I've seen it in my own community just north of Boston. Gordon College alum Sam Winslow, for example, recently founded Thirst Footwear, which will fund new wells in sub-Saharan Africa through every shoe purchase. Then there's the Accessible Icon Project -- a collaboration between faculty members Brian Glenney and Tim Ferguson-Sauder, current Gordon students, Cambridge artist Sarah Hendron, and the disability advocacy group Triangle -- which is working to change public perceptions of disability through a more active, engaged visual representation of the "Handicap Symbol." Gordon College itself has recently partnered with Praxis Labs, an organization that supports the development of new social enterprises through mentoring and funding opportunities.

An entrepreneurial spirit is thriving among the next generation. Yet in order to turn their ambition into action, today's students will need a solid foundation that prepares them for the unique challenges and opportunities of entrepreneurship. This is where a strong liberal arts education can give young entrepreneurs a significant advantage. We teach students to reason across disciplines and cultures, from perspectives familiar and foreign.
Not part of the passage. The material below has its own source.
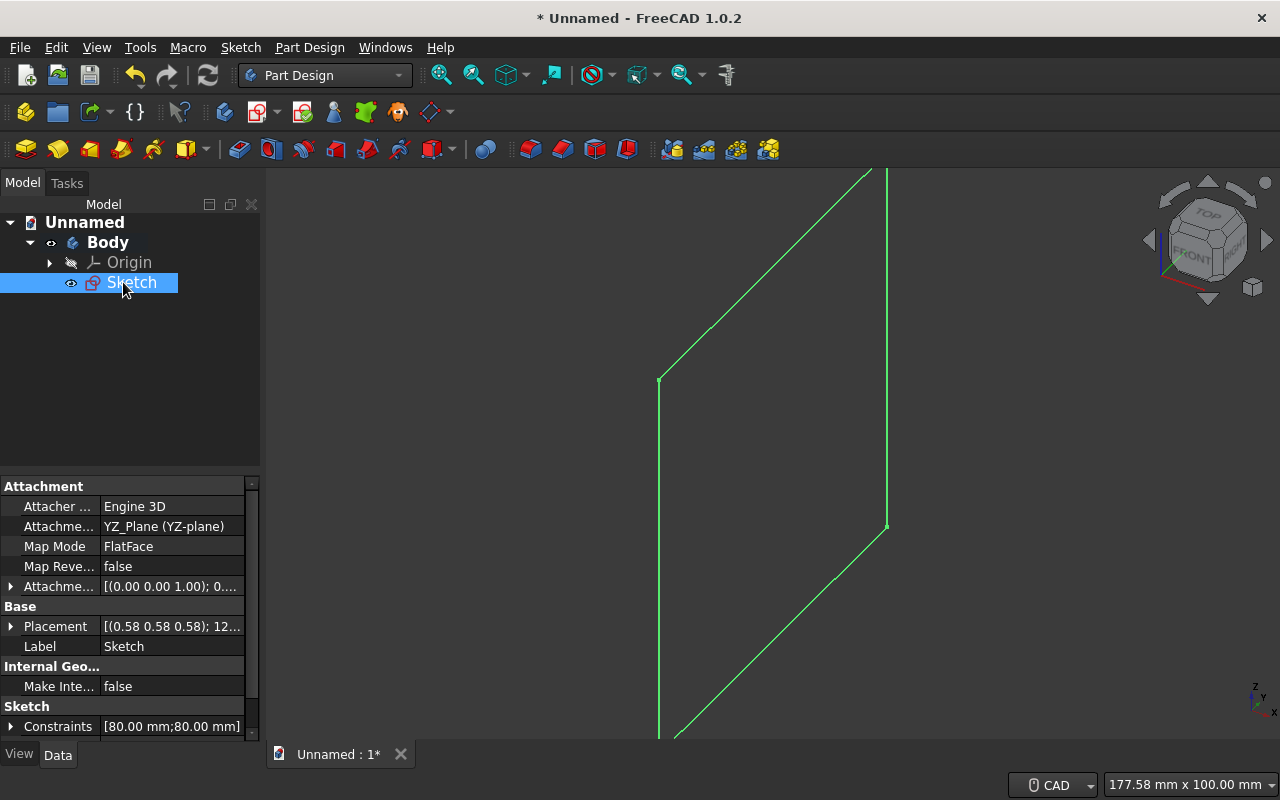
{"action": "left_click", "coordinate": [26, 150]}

By instilling in students this habit of thinking holistically -- that is, being able to synthesize disparate ideas or elements into a creative, unified solution -- the liberal arts provide a flexible framework for entrepreneurial enterprise. Holistic learning sets the table for useful innovation; entrepreneurship is the practical application of these great ideas.

It's possible, however, for liberal arts colleges to do wrong by the next generation. Higher education can be all theory, no practice. Students can learn to reason with clarity and discover their academic passions, but never learn what it means to put those passions to work. A defining feature of the truly transformative college experience is the exploration of vocation -- what theologian Frederick Buechner described as "where your deep gladness and the world's deep hunger meet" -- within the formative conversations of the liberal arts.
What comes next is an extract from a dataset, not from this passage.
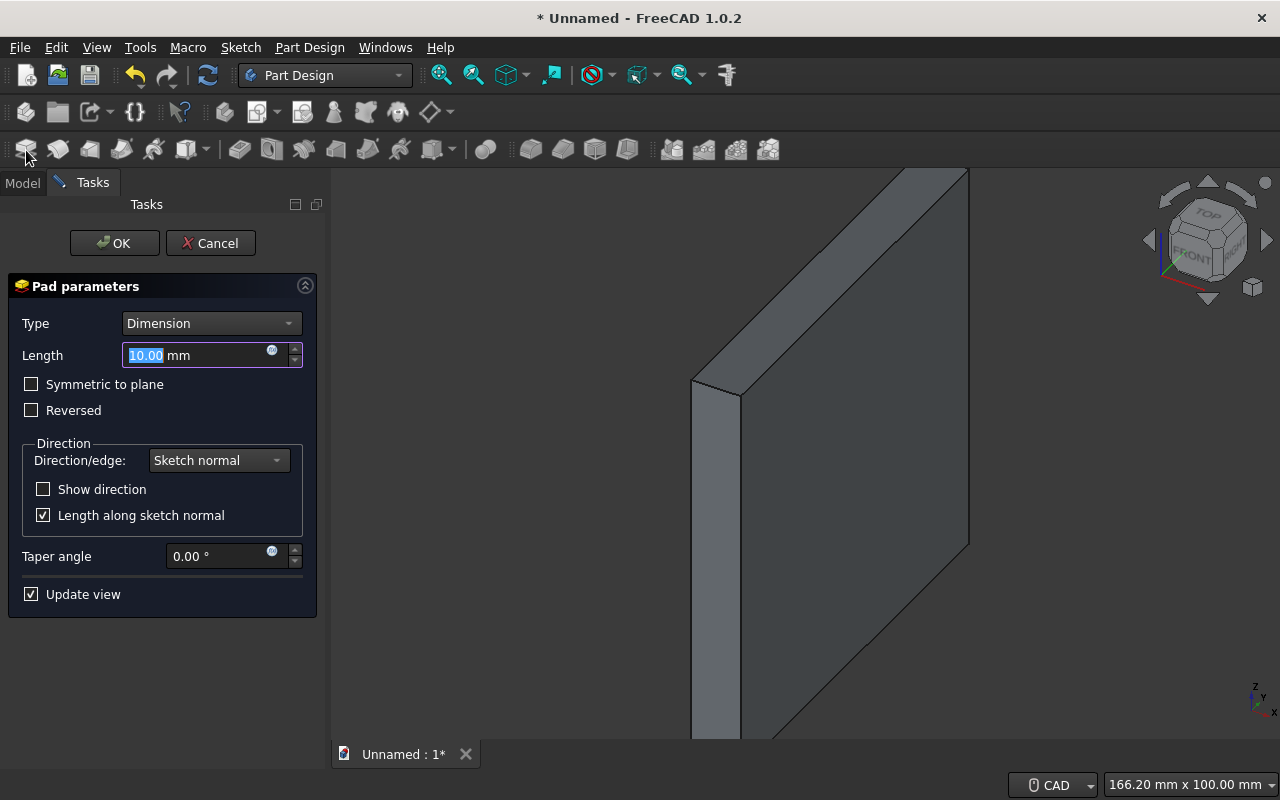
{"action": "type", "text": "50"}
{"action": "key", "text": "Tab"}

This is, at its core, an issue of stewardship. We become good stewards of the liberal arts -- as educators, as students -- when we become sensitive to how that education can benefit those around us. At Gordon, we've always held a firm commitment to facilitating the connection between personal passion and lifelong vocation. For a growing number of students, this vocation is working itself out as a call to entrepreneurship.

It's in this spirit that we've recently launched our new Center for Entrepreneurial Leadership (CEL). The Center will serve not only to educate Gordon students about the business of entrepreneurship, it will also be the hub for a range of opportunities in which students will generate innovative solutions to real-world challenges. Itself the practical application of a great idea, the CEL is the brainchild of Gordon College trustee and successful entrepreneur Joe Krivickas, CEO of SmartBear. Joe's own passions for both higher education and entrepreneurial leadership have strengthened and refined the Center's purpose as a catalyst for ingenuity. Far from being an academic exercise, the CEL at Gordon will give our students practical, meaningful outlets for the holistic thinking skills they acquire here.

This, then, is the challenge for liberal arts colleges: to realize that we're already on the leading edge of entrepreneurial innovation. By nature of our educational framework, we are preparing our students to solve the next great puzzles of our global society. Let us now ensure that they also graduate prepared to make these solutions useful, marketable, and viable--because it's at this juncture of holistic thinking and entrepreneurial ethos that the common good will thrive in this generation.